Effect of Ni/tubular g-C3N4 on hydrogen storage properties of MgH2

Additive doping is one of the effective methods to overcome the shortcomings of MgH2 on the aspect of relatively high operating temperatures and slow desorption kinetics. In this paper, hollow g-C3N4 (TCN) tubes with a diameter of 2 1.tm are synthesized through the hydrothermal and high-temperature pyrolysis methods, and then nickel is chemically reduced onto TCN to form Ni/TCN composite at 278 K. Ni/TCN is then introduced into the MgH2/Mg system by means of hydriding combustion and ball milling. The MgH2-Ni/TCN composite starts to release hydrogen at 535 K, which is 116 K lower than the as-milled MgH2 (651 K).
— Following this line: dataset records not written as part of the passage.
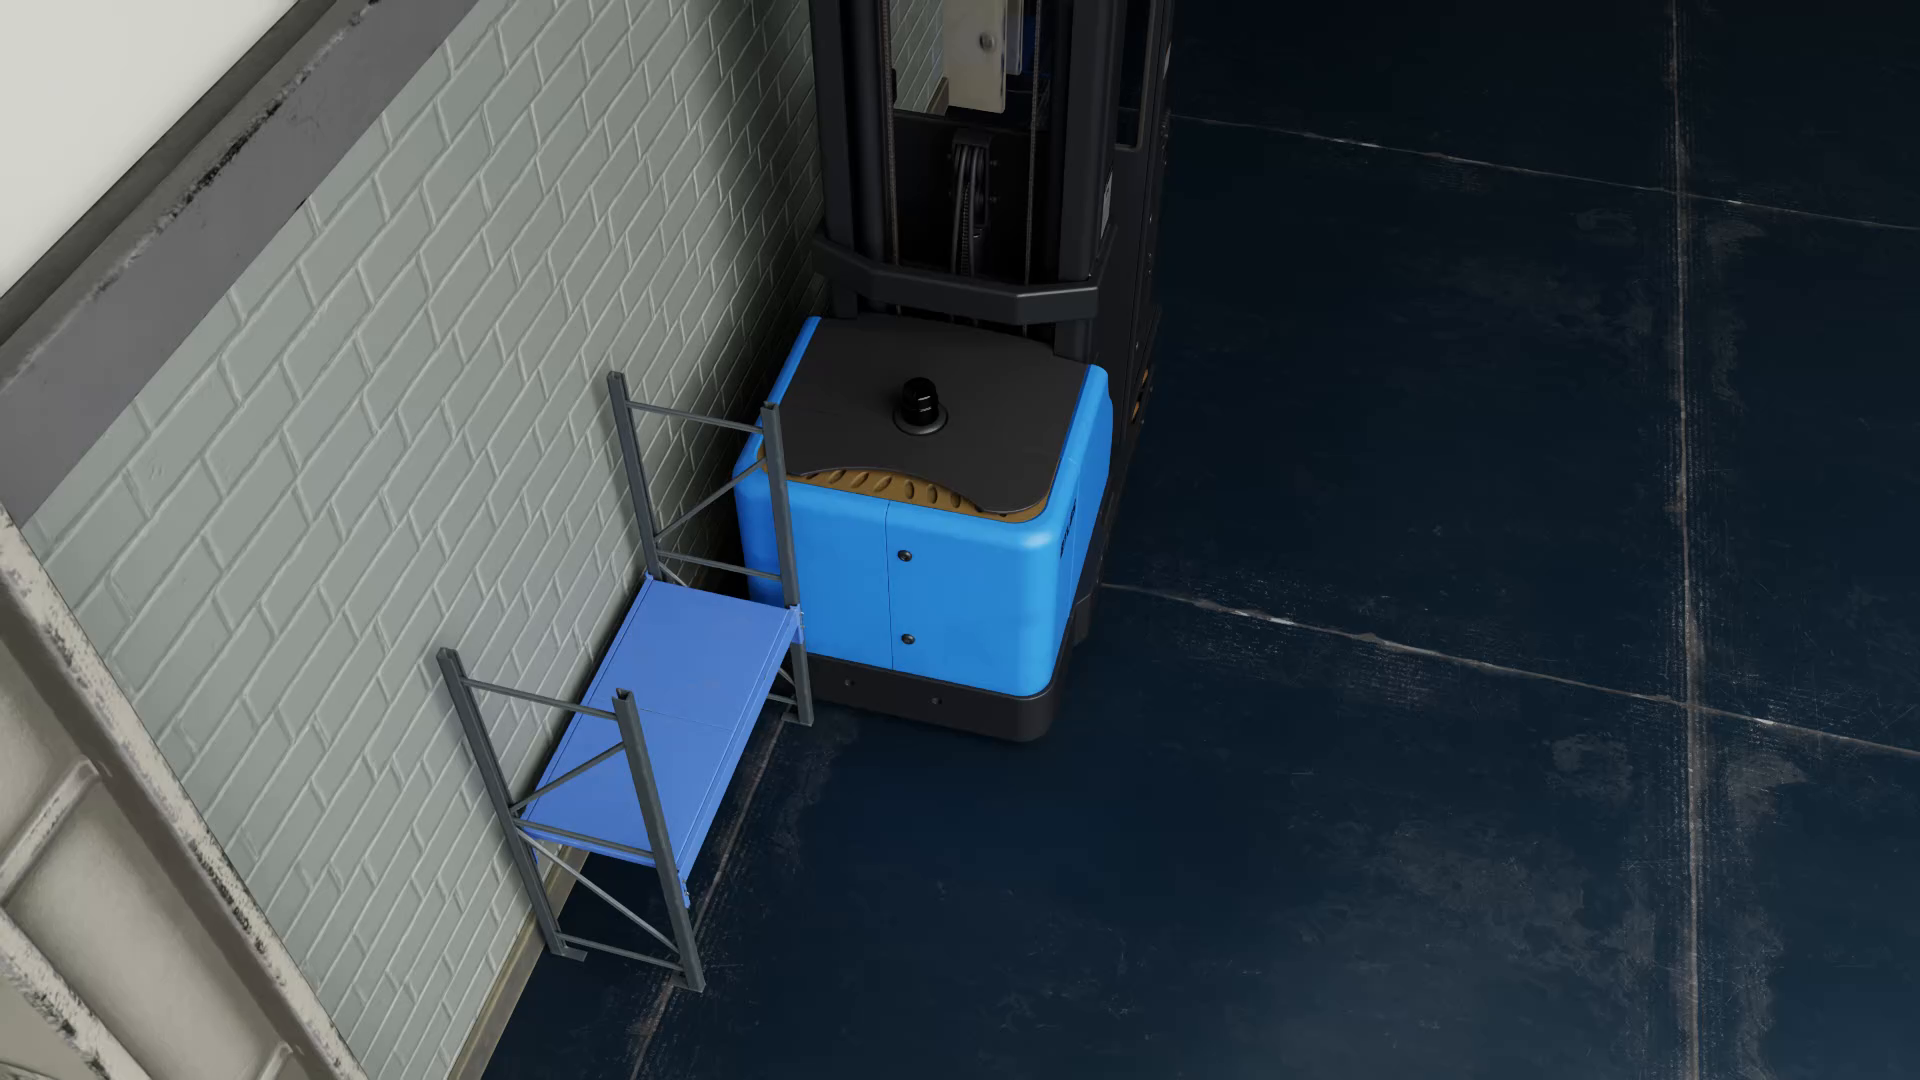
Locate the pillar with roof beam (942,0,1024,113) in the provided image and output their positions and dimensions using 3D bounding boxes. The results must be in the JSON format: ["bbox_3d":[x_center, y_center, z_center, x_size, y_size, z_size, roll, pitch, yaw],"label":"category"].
[{"bbox_3d":[4.264,-4.379,4.113,9.100,9.000,0.400,12,50,10],"label":"pillar with roof beam"}]

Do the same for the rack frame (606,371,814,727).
[{"bbox_3d":[-0.745,0.082,5.178,0.500,1.500,0.032,12,50,10],"label":"rack frame"}]

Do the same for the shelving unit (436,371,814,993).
[{"bbox_3d":[-0.882,0.449,4.854,0.538,1.500,1.048,12,50,10],"label":"shelving unit"}]

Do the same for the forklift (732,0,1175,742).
[{"bbox_3d":[0.159,-1.427,5.554,1.130,2.935,3.031,11,50,10],"label":"forklift"}]

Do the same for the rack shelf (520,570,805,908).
[{"bbox_3d":[-0.882,0.568,4.988,0.538,0.185,1.000,12,50,10],"label":"rack shelf"}]

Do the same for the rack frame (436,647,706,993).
[{"bbox_3d":[-1.018,0.816,4.530,0.500,1.500,0.032,12,50,10],"label":"rack frame"}]

The MgH2-Ni/TCN composite absorbs 5.24 wt% H-2 within 3500 s at 423 K, and takes up 3.56 wt% H-2 within 3500 s, even at a temperature as low as 373 K. The apparent activation energy (E-a) of the MgH2 decreases from 161.1 to 82.6 kJ/mol by the addition of Ni/TCN. Moreover, the MgH2-Ni/TCN sample shows excellent cycle stability, with a dehydrogenation capacity retention rate of 98.0% after 10 cycles. The carbon material enhances sorption kinetics by dispersing and stabilizating MgH2. Otherwise, the phase transformation between Mg2NiH4 and Mg2NiH0.3 accelerates the re/dehydrogenation reaction of the composite. (C) 2021 Hydrogen Energy Publications LLC. Published by Elsevier Ltd. All rights reserved.

Automated summary

Through the method of additive doping, MgH2-Ni/TCN composite with excellent cycle stability and sorption kinetics was successfully prepared, with the hydrogen release temperature and apparent activation energy of MgH2 successfully lowered.